Now Lebanon - Iraqi refugees in Syria flee home from the violence, July 20 2012


Iraqis stepping off buses returning from Syria, having fled there to seek refuge from bloodshed in their homeland, told of being forced to leave because of escalating unrest and threats.
Hundreds of men, women, and children descended from dozens of buses in the Mansur neighborhoods of west Baghdad, clinging to hastily packed luggage and looking for relatives awaiting their arrival.
"The situation there is so bad," said Khalid al-Jawadi, a 60-year-old retired teacher from Baghdad.
"There is fighting, gunfire -- it is a war there, everywhere. We escaped because we were very afraid of dying."
Standing near his wife and four children, Jawadi added: "I will never, ever, return to Syria."
The government has called on its citizens to return to Iraq to flee the violence in Syria, and has provided flights for Iraqis in Damascus, while dozens of buses shuttle back and forth daily.
It is a cruel irony that most of those returning to Iraq fled the country several years ago for the same reason they are now leaving Syria—worsening violence and attacks.
A woman who gave her name only as Umm Omar—mother of Omar—told AFP: "The tensions, the protests, the violence made our old fears return to us, so I told [my husband] that we should return as soon as we can to Baghdad."
Standing alongside her, her husband Abu Omar, father of Omar, said one of his relatives, a 20-year-old man, was shot dead by gunmen.
Officials in the western Iraqi desert province of Anbar, which shares a long border with Syria, said on Thursday that thousands of families had crossed into Iraq to escape the violence in Syria.
Government spokesperson Ali Dabbagh told AFP on Thursday that Baghdad estimated there were between 100,000 and 200,000 Iraqis still in Syria, but that the authorities had no specific numbers.
Umm Zainab, a 41-year-old former resident of the Shiite shrine city of Najaf in central Iraq, told AFP she and her family were threatened by bearded gunmen early in the morning several days ago who told them to leave the country.

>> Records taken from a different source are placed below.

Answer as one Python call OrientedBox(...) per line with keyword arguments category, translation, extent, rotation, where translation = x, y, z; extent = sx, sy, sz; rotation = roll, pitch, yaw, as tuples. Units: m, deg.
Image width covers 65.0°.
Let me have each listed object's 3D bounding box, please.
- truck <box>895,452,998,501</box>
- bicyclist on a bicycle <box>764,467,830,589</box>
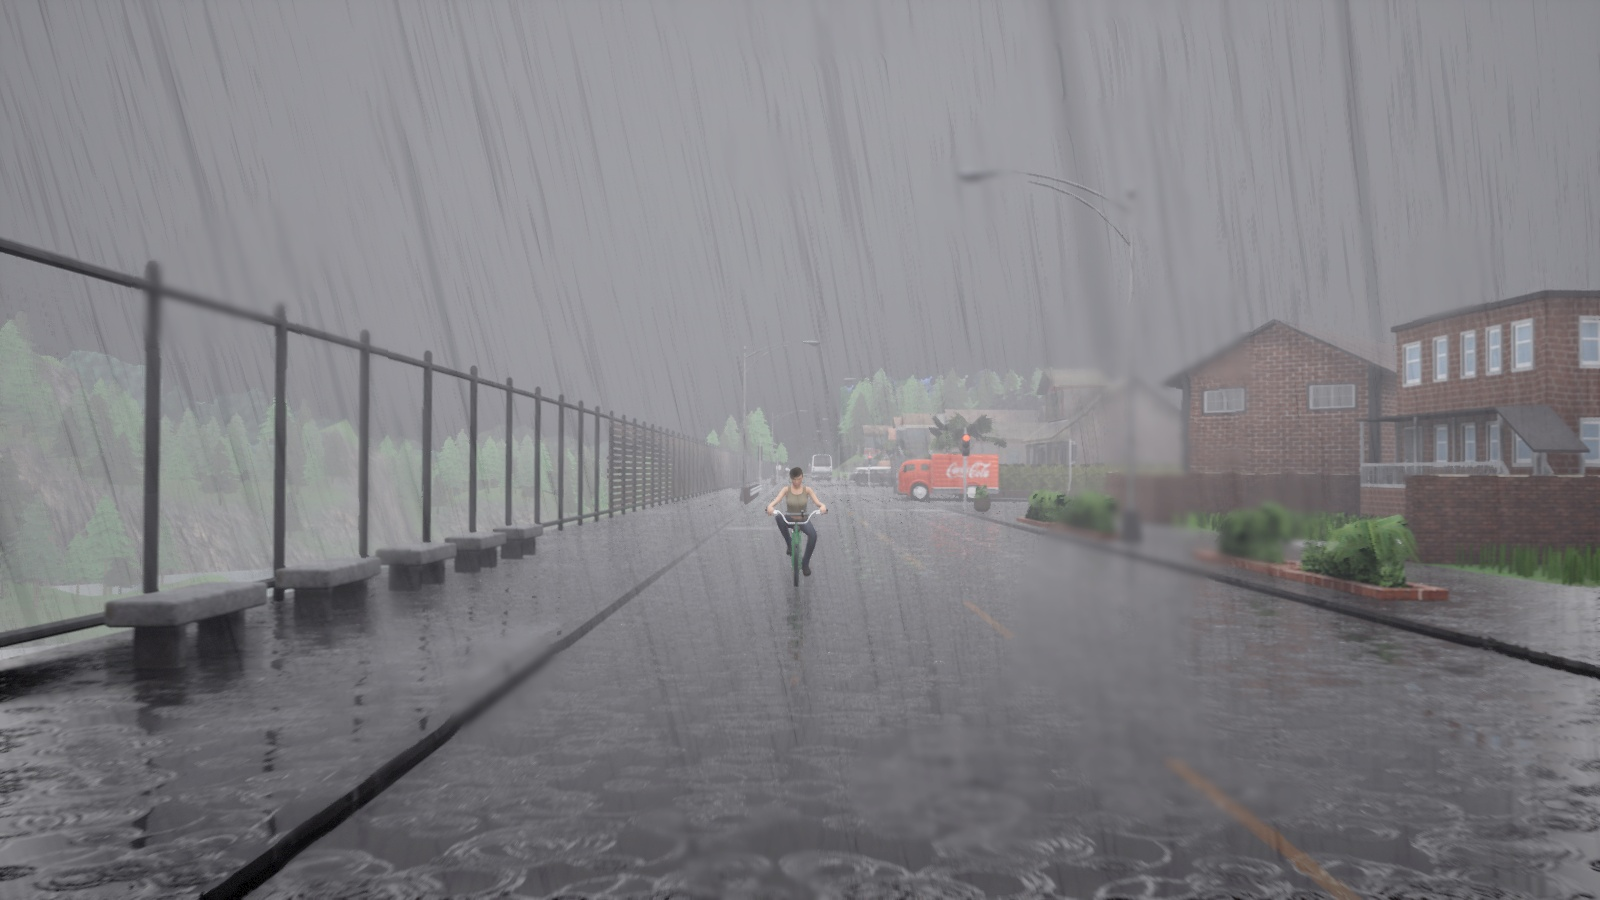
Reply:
OrientedBox(category="truck", translation=(7.591, 1.392, 65.417), extent=(5.204, 2.467, 2.627), rotation=(0, -2, 4))
OrientedBox(category="bicyclist on a bicycle", translation=(-0.038, 1.042, 17.337), extent=(0.866, 1.612, 1.509), rotation=(0, -1, 0))
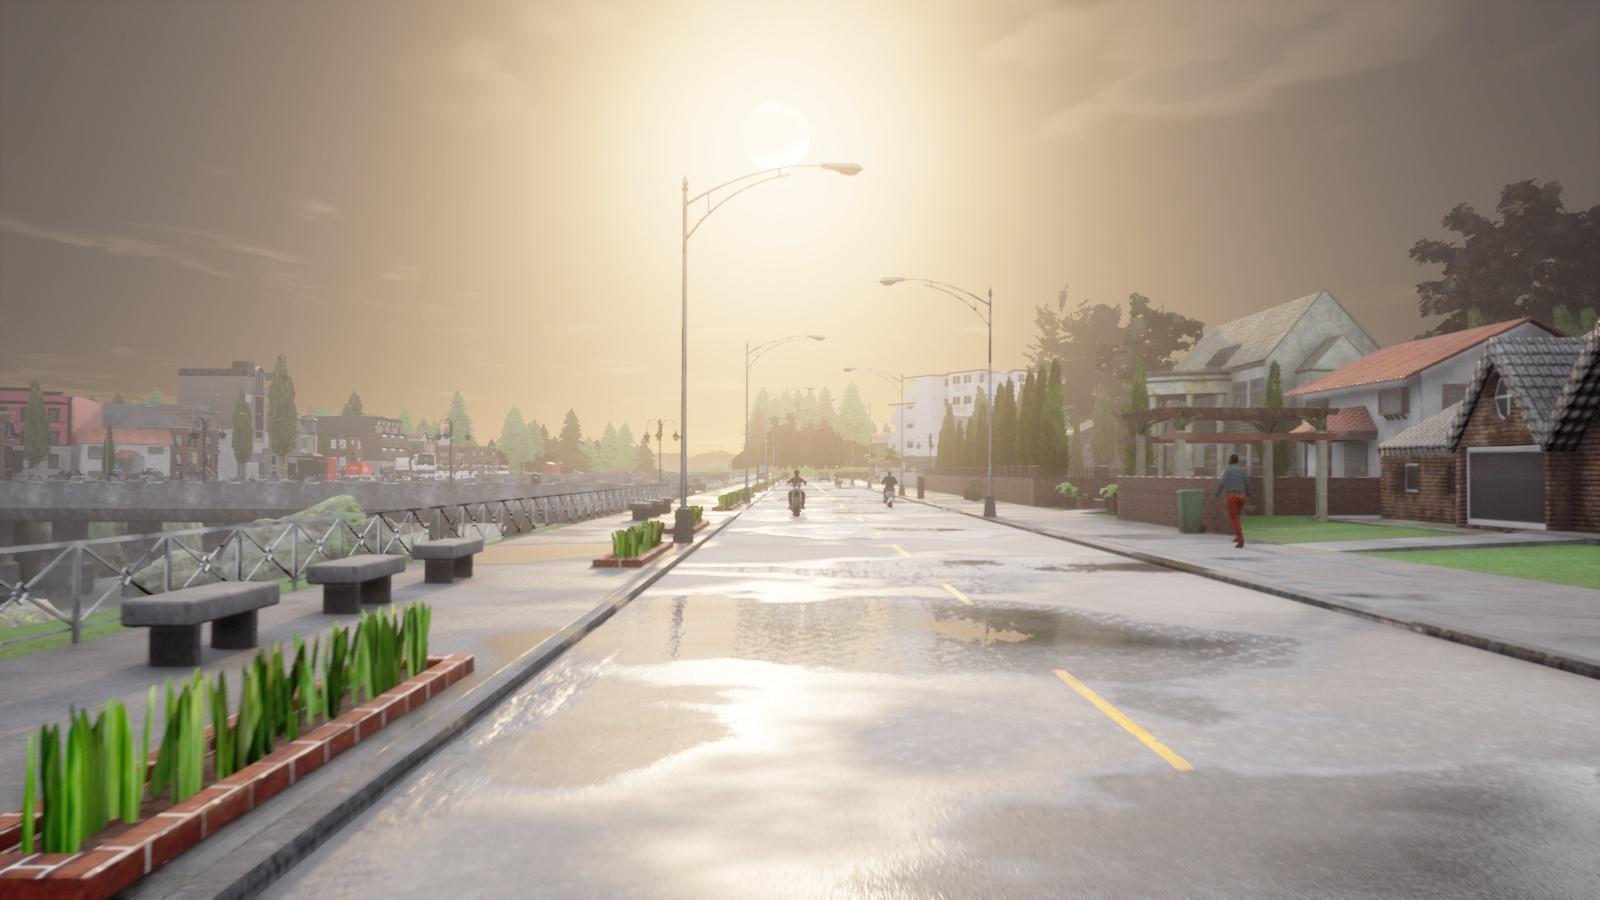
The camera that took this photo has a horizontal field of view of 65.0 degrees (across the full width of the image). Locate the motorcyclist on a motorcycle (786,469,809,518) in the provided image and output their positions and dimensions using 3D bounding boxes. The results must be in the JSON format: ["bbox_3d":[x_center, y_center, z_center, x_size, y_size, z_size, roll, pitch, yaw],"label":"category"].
[{"bbox_3d":[-0.102,1.493,43.450,0.766,1.649,2.350,0,-1,0],"label":"motorcyclist on a motorcycle"}]

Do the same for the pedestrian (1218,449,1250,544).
[{"bbox_3d":[8.480,0.901,24.537,0.353,1.847,0.614,0,-1,-5],"label":"pedestrian"}]

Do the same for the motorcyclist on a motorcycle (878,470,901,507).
[{"bbox_3d":[3.872,1.663,54.359,0.866,1.590,1.817,0,-1,0],"label":"motorcyclist on a motorcycle"}]
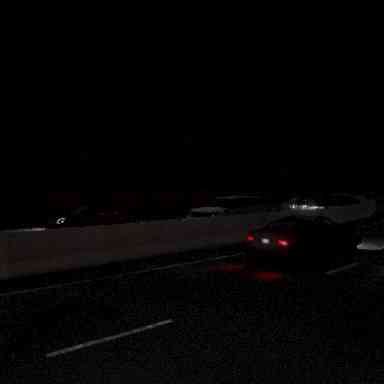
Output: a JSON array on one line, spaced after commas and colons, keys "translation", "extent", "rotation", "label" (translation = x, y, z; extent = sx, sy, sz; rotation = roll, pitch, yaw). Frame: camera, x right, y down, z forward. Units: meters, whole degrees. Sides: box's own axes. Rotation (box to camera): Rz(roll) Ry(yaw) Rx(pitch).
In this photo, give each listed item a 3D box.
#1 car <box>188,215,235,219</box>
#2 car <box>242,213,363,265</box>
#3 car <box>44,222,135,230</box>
[{"translation": [2.178, 1.227, 19.855], "extent": [5.566, 2.045, 2.150], "rotation": [0, 0, -44], "label": "car"}, {"translation": [4.110, 1.541, 11.811], "extent": [5.357, 1.411, 2.033], "rotation": [0, 0, -42], "label": "car"}, {"translation": [-5.398, 1.384, 17.802], "extent": [4.553, 1.767, 2.097], "rotation": [0, 0, -41], "label": "car"}]

"I escaped with small bags with my husband and my 13-year-old daughter -- we went straight to the bus station to return to Baghdad," she said.
One bus driver, a Syrian who refused to give his name for fear of retribution, described seeing hundreds of Iraqis over the past two days take buses from areas in and around Damascus to Baghdad.
The distance by road between the two capitals is around 850 kilometers.
"Most Iraqis decided to return to Baghdad, especially after the attack where the defense minister was killed," he said, referring to Wednesday's bombing in Damascus that killed four top security officials.
"Hundreds of others are waiting to return."
But the country they are returning to, while markedly safer than during the communal bloodshed of 2006-2008, remains one where basic services such as clean water and electricity remain lacking, a fact of which many Iraqis stepping off buses in Baghdad were unaware.
"How is the electricity?" asked Umm Saif, who lived in Damascus for seven years but returned with her daughter on Friday. Iraqis get six to eight hours of national grid electricity at most in the boiling summer.
"Is it really good like we have heard? Or are there still power cuts?"